Perspective plays a big role when analysing a man so fondly regarded in Italy.
When you look at the numbers and some of his recent performances closely, it may actually suggest the best is still to come.
Cavani is still the epitome of the modern striker. Quick, strong, powerful, with a tireless work rate and excellent technique.
He is also an impressive free kick taker and his trademark near post runs on set pieces/crosses often result in the back of the net bulging.
When deployed as a centre forward, Cavani is remarkably prolific. So far in 2016/17, he has 16 goals in 13 games for club and country.
Why he’s criticized
The criticism stems however, from the fact that he could have so much more.

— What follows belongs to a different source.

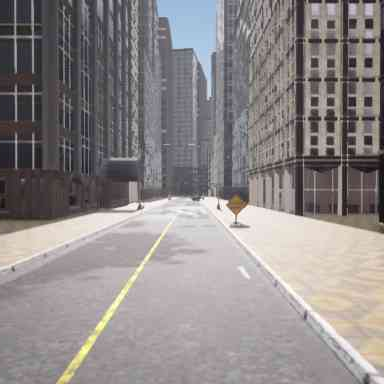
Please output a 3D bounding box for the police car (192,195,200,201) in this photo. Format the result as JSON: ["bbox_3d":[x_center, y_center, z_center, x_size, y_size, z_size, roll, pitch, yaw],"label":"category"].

Take a recent Champions league game against Arsenal in which Cavani showed his tremendous high points, but also his tendency to frustrate.
He caused Laurent Koscielny and Shkodran Mustafi all sorts of trouble, setting the tone with a brilliant first minute header.
From then on, his movement and work rate had Arsenal at odds, and he realistically should’ve ended the game with at least a hat-trick.
A combination of careless finishing and an excellent showing from David Ospina saw to a performance only yielding a goal and a home point for his team.
Why the criticism is overbearing
When viewed closer, the PSG number 9 should really be considered in the same breath as the elite.
Physically and technically, as aforementioned, he has every tool required. Formidably equipped with pace and strength, and excellent movement.
It is merely the final lapses of concentration in execution which have let him down in Paris.
However, it would be unfair to judge Cavani on his PSG career alone, where the giant ego of Ibrahimovic cast its shadow and shunned Cavani to the left wing where his goal record still stood impressively.
As a number 9 in isolation, his goal record is magnificent. He consistently broke the 30 goal barrier in Naples, and is well on his way to doing so this season for Paris.
So what do we conclude from this?
In the eyes of some Cavani will never do enough, however, objectively speaking, his records speak for themselves.
PSG fans will hope they can get deep into the Champions league, and then of course we may see Cavani as a centre forward come into his own.
The sense is there that Cavani knows he can reinvigorate himself in this new PSG side and has started with the intent to do so.
Ultimately though, if PSG feel the absence of Ibrahimovic in the #9 role more than they feel the presence of Cavani, the Uruguayan is destined for an even tougher time from his critics and will ultimately be branded a failure in the French capital.